How many separate lines of the data contain "agent"? Give the count and nothing else.
-- Available records follows --
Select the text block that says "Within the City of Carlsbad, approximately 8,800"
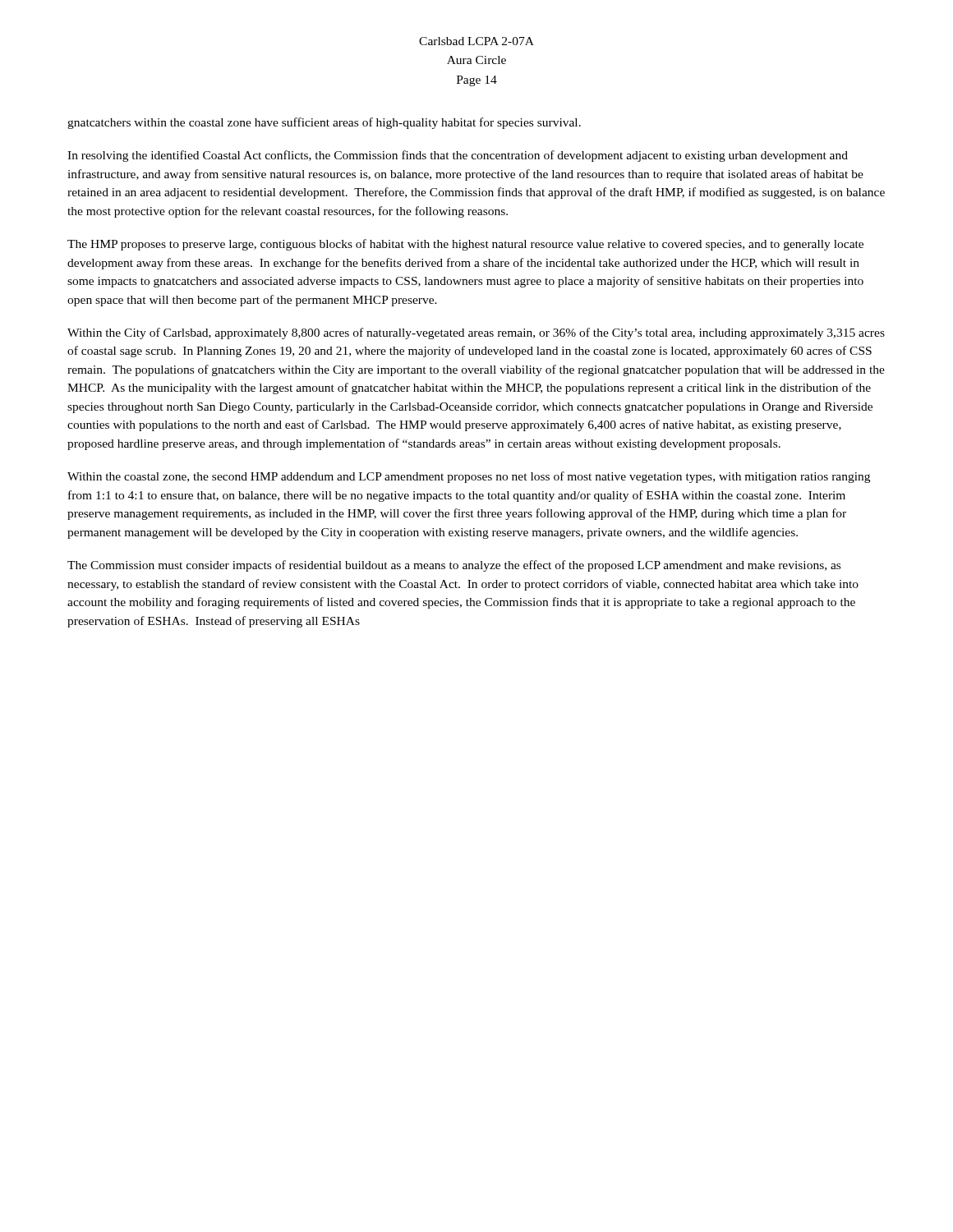Screen dimensions: 1232x953 [476, 388]
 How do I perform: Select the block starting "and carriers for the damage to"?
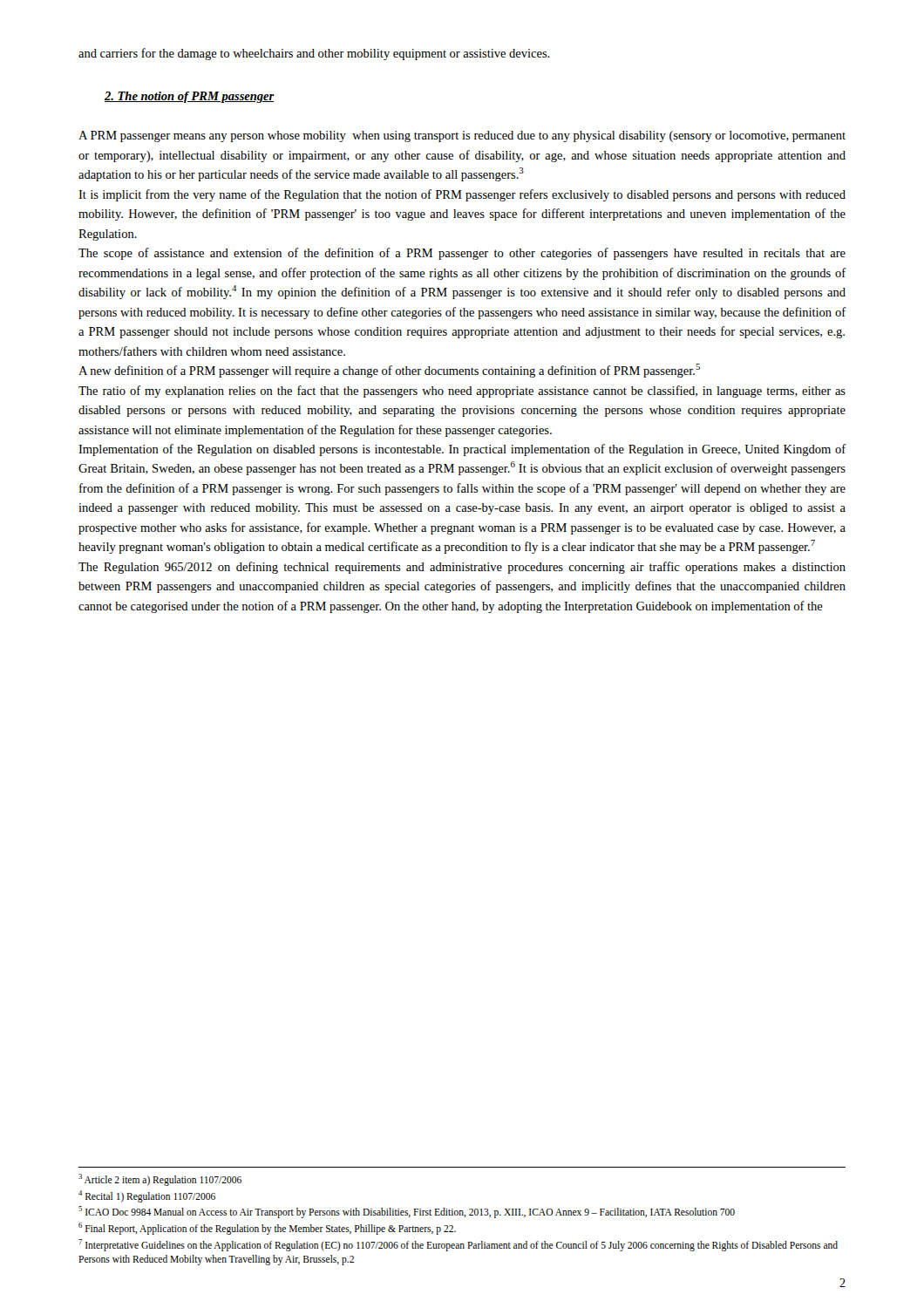[x=462, y=53]
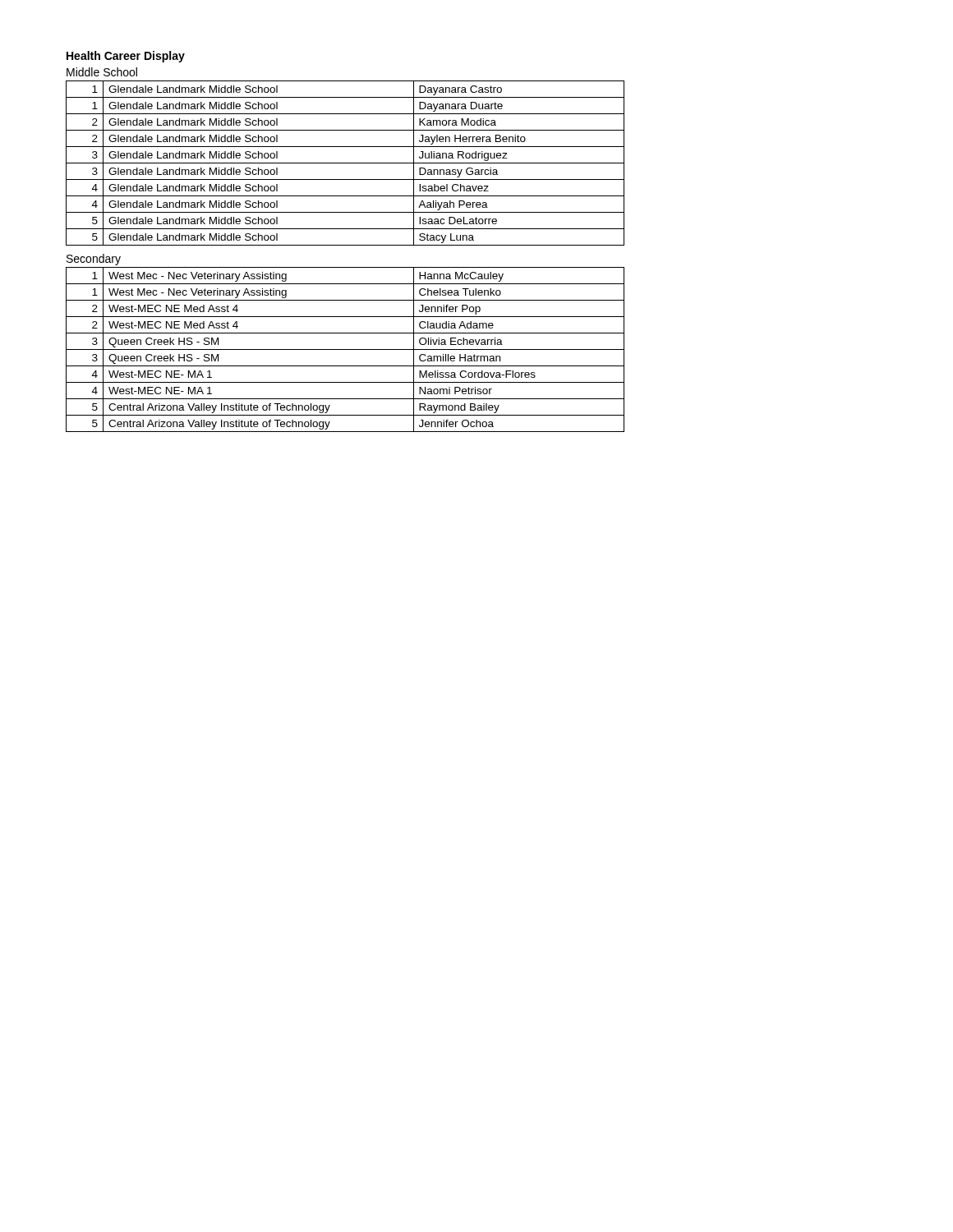Viewport: 953px width, 1232px height.
Task: Locate the table with the text "Central Arizona Valley"
Action: pos(476,350)
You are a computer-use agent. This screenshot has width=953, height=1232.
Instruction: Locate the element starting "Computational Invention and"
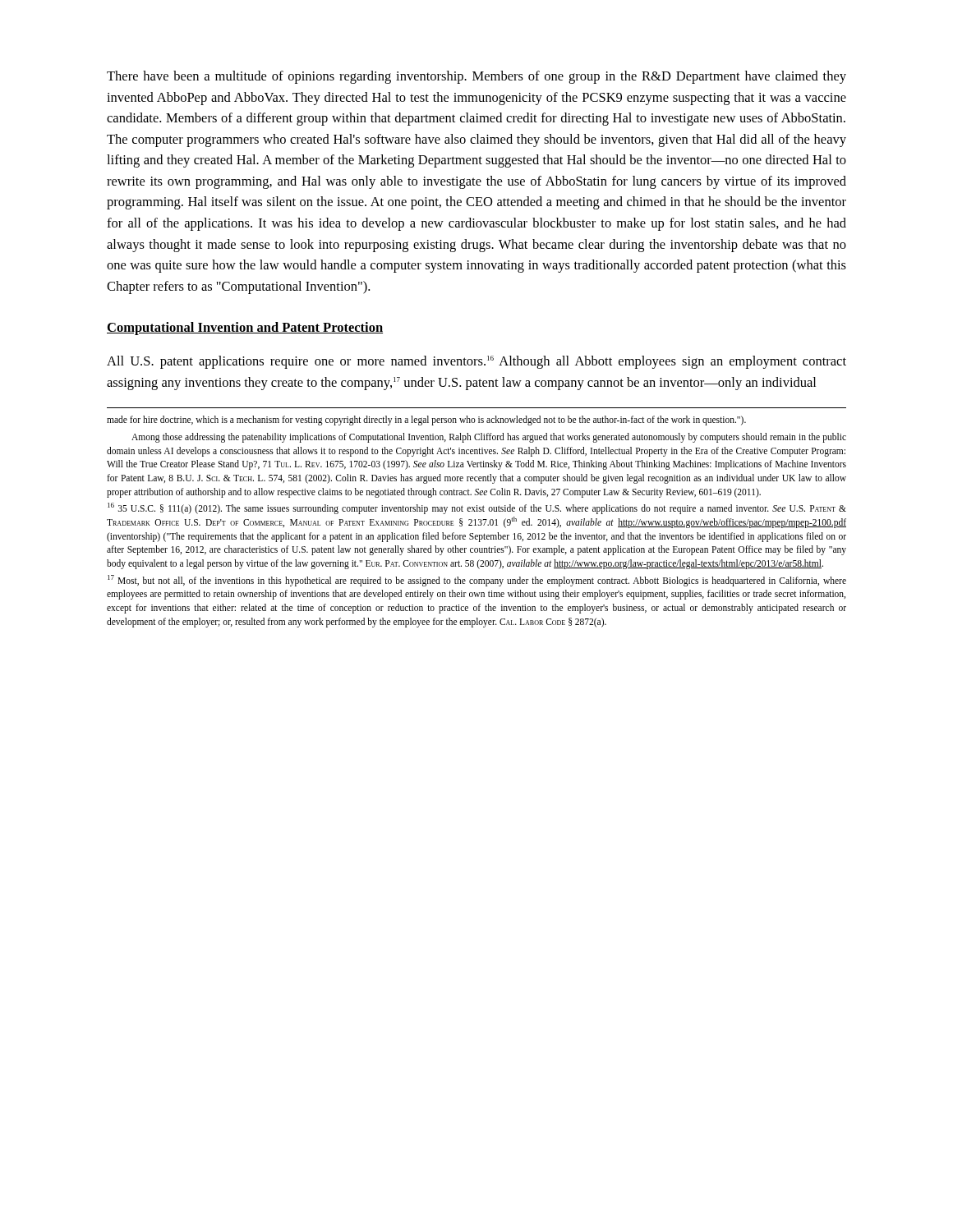click(245, 327)
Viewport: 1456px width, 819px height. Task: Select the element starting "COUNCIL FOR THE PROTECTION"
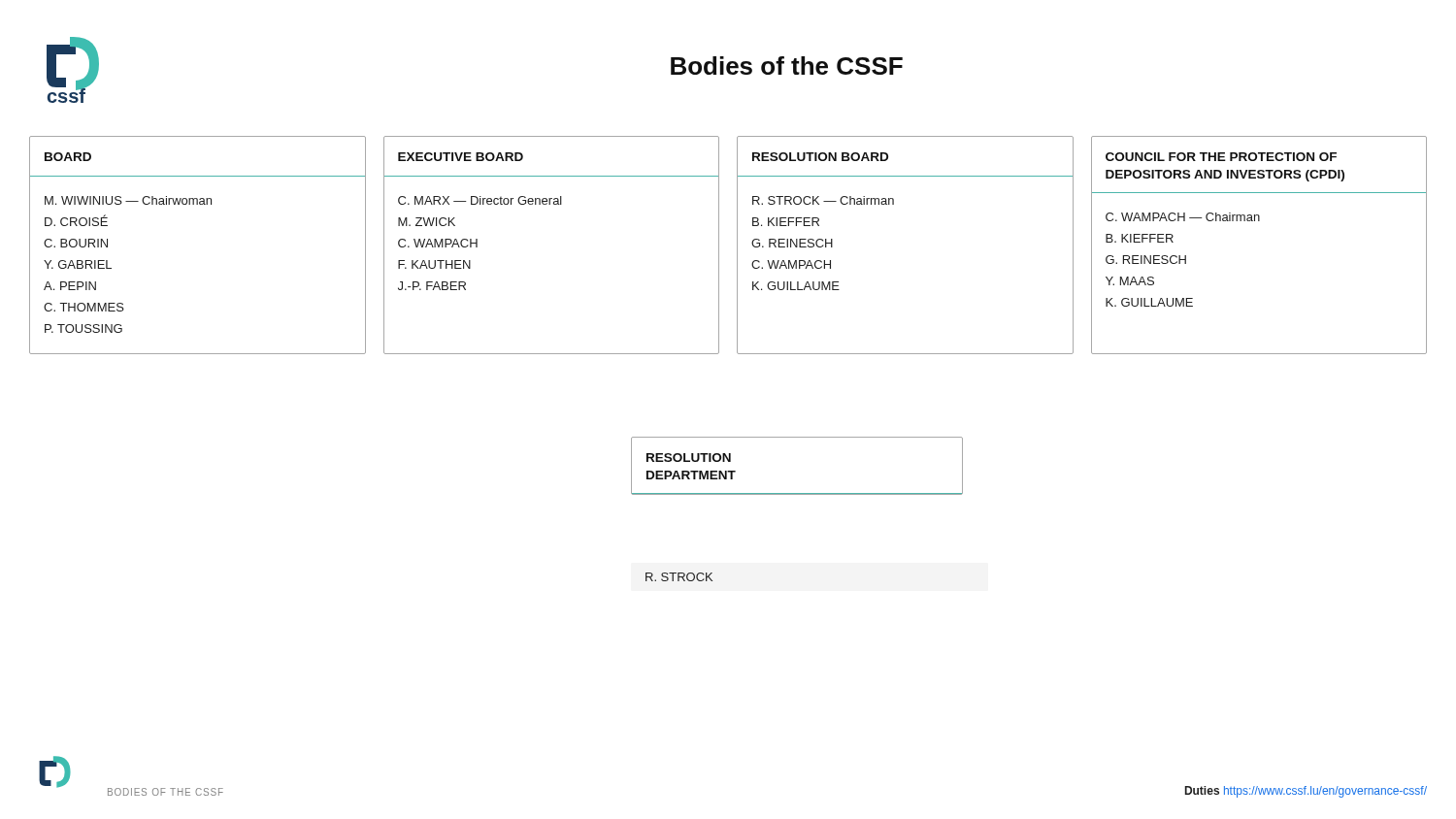(1225, 165)
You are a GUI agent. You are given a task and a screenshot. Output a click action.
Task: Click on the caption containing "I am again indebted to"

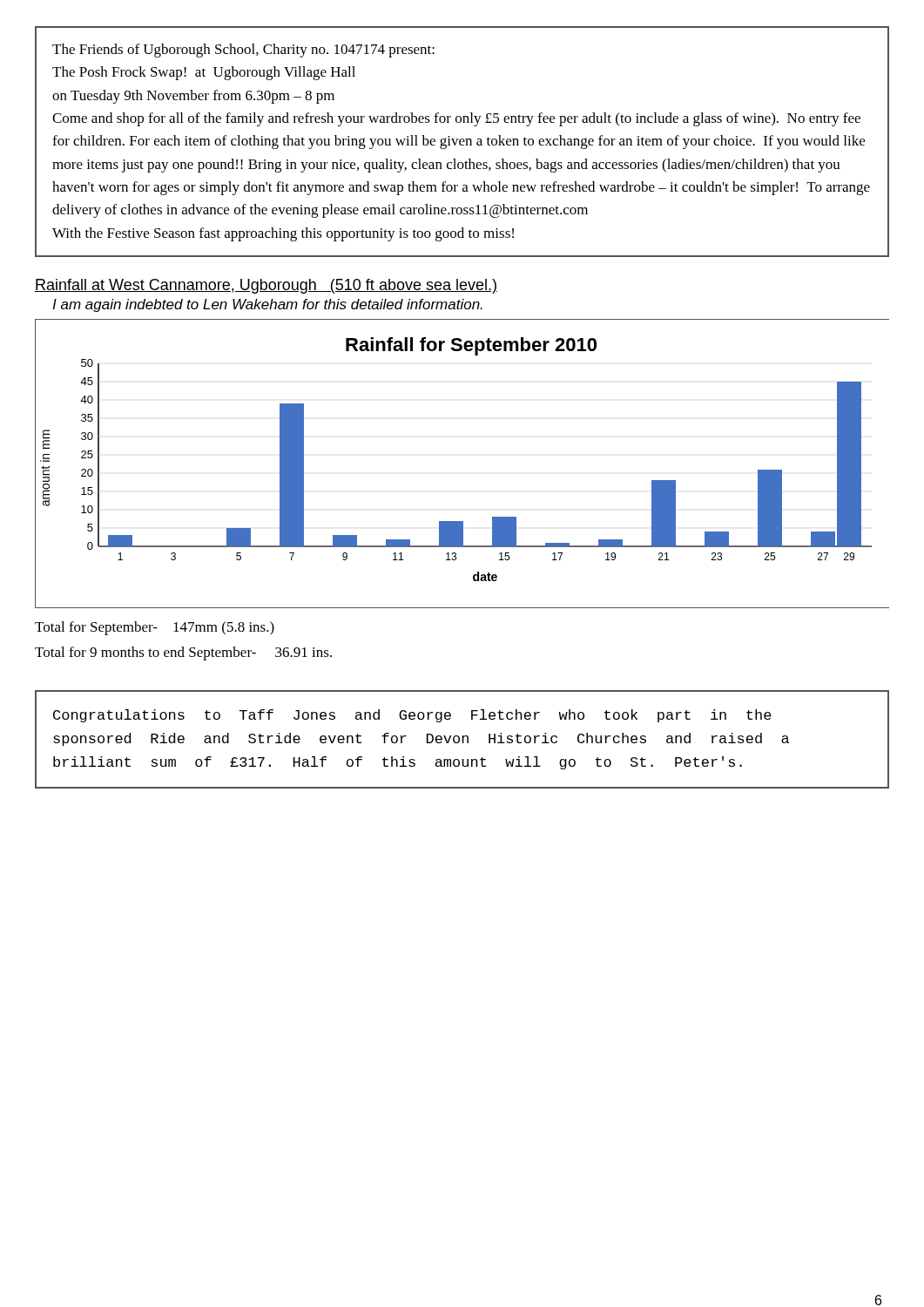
-- Available records concluded --
Result of this exercise:
2